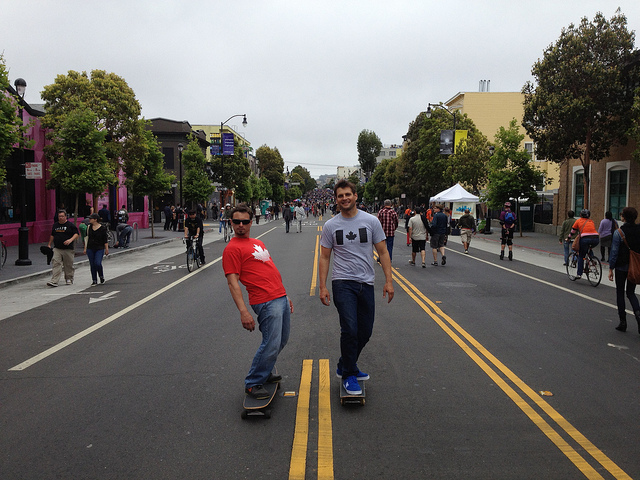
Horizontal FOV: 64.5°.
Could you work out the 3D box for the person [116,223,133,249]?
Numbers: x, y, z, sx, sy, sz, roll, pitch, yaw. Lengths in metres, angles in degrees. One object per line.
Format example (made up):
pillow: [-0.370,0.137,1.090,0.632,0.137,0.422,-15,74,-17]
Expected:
person: [-9.444,-0.204,24.456,0.632,1.155,1.151,-4,7,-25]

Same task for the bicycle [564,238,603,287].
bicycle: [7.825,0.741,14.594,0.742,1.106,1.648,0,8,-7]

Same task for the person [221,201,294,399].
person: [-0.718,0.694,5.862,0.761,2.170,0.604,-2,6,-4]

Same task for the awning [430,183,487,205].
awning: [8.955,-2.974,33.171,2.442,1.133,2.490,0,8,9]

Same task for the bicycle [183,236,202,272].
bicycle: [-4.183,0.471,16.829,0.396,1.160,1.714,-2,7,-11]

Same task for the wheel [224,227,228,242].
wheel: [-5.175,-0.211,28.001,0.134,0.788,0.452,-2,6,-7]

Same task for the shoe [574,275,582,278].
shoe: [7.461,1.080,14.657,0.153,0.078,0.056,-9,8,-12]

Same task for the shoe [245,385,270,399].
shoe: [-0.707,1.737,5.804,0.287,0.163,0.114,1,2,14]

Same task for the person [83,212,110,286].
person: [-6.283,0.268,14.245,0.588,1.996,1.234,-4,7,-25]

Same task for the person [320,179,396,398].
person: [0.439,0.588,6.120,0.781,2.586,0.737,-6,8,-37]

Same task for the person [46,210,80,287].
person: [-7.250,0.227,14.263,0.792,2.107,1.255,-4,7,-27]

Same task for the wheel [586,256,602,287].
wheel: [7.506,0.880,13.883,0.295,0.774,0.637,1,7,20]

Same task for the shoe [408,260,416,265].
shoe: [3.276,0.828,18.040,0.141,0.221,0.465,-6,2,-11]

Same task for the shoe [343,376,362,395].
shoe: [0.380,1.704,5.938,0.218,0.163,0.184,-1,7,2]

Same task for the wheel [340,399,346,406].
wheel: [0.274,1.886,5.876,0.041,0.093,0.084,-1,1,-1]

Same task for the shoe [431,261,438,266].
shoe: [4.119,0.874,18.062,0.090,0.152,0.297,0,8,-11]

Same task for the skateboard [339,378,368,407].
skateboard: [0.401,1.774,6.060,0.330,0.259,0.524,-1,7,6]

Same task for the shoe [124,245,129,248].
shoe: [-9.300,0.363,24.374,0.195,0.063,0.645,-4,8,-20]

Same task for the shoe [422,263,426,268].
shoe: [3.506,0.874,17.070,0.119,0.166,0.306,0,7,7]

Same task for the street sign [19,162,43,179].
street sign: [-10.127,-2.399,17.716,0.744,0.789,0.111,-1,-2,-4]
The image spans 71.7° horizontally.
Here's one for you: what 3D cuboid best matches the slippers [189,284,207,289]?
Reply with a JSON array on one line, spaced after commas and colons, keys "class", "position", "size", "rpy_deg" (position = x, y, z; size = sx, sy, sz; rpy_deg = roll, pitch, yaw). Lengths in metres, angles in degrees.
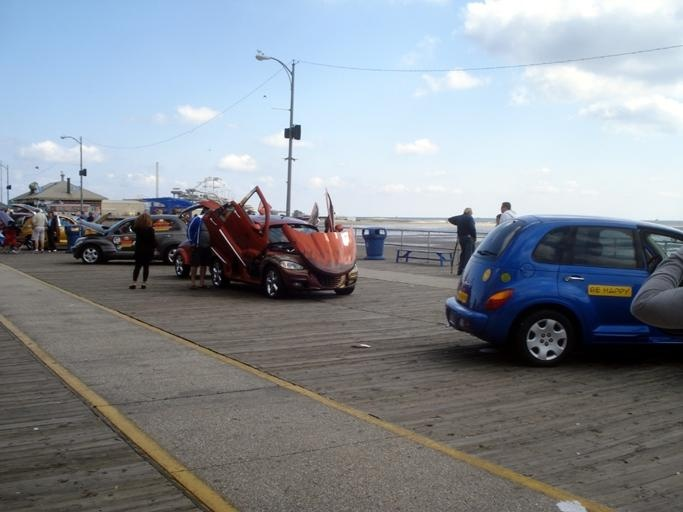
[{"class": "slippers", "position": [-4.452, 0.947, 14.609], "size": [0.579, 0.160, 0.149], "rpy_deg": [0, 2, -3]}]
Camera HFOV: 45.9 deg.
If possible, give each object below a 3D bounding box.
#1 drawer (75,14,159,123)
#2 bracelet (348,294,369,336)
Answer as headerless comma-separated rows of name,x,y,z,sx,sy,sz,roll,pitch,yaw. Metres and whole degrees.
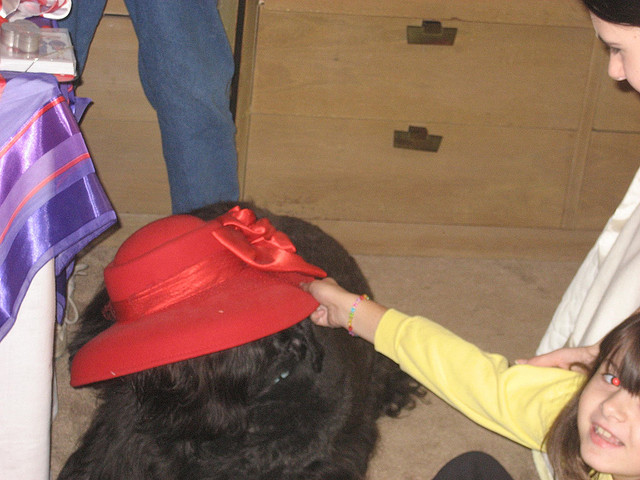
drawer,-0.630,-0.586,2.396,0.267,0.279,0.049,-20,55,-25
bracelet,0.080,0.169,1.685,0.021,0.075,0.077,12,30,18
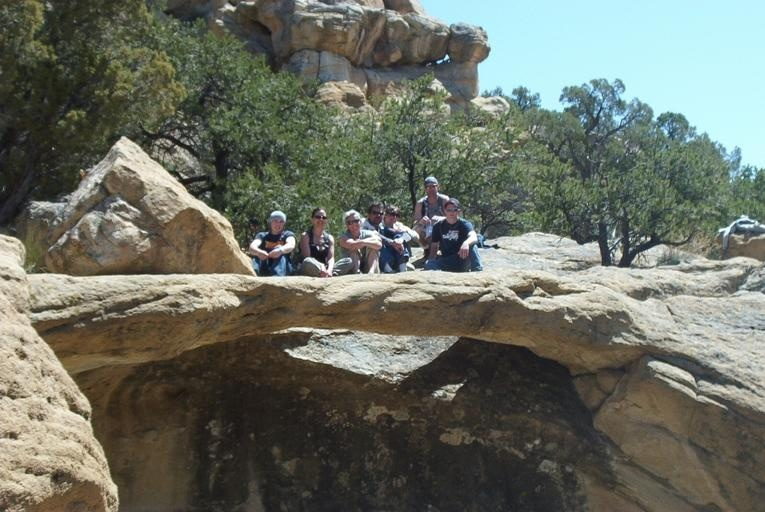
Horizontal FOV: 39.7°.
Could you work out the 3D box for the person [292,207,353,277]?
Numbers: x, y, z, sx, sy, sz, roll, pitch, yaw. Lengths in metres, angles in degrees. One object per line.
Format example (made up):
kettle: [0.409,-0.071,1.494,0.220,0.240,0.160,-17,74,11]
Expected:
person: [-1.157,-0.225,21.280,0.902,1.609,1.094,-3,-2,-1]

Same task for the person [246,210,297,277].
person: [-2.181,-0.105,21.138,0.723,1.795,1.194,1,-19,2]

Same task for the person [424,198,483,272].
person: [1.430,-0.422,21.334,1.031,1.541,1.078,-1,4,7]

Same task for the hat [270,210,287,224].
hat: [-2.057,-0.819,21.165,0.301,0.280,0.326,13,-9,-14]

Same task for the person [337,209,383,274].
person: [-0.461,-0.139,21.715,0.644,1.664,1.049,-2,-14,-26]

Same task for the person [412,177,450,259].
person: [1.051,-0.749,22.678,0.667,1.891,0.941,0,-7,-1]

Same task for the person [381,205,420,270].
person: [0.252,-0.293,22.193,0.888,1.527,1.245,0,-7,-11]
++++++++++++++++++++
**Work to be completed:** Repeat exactly the lines of the records from the one containing "Same task for the person [412,177,450,259]." to the last, and include no line outside that stretch.

**Exercise solution:**
Same task for the person [412,177,450,259].
person: [1.051,-0.749,22.678,0.667,1.891,0.941,0,-7,-1]

Same task for the person [381,205,420,270].
person: [0.252,-0.293,22.193,0.888,1.527,1.245,0,-7,-11]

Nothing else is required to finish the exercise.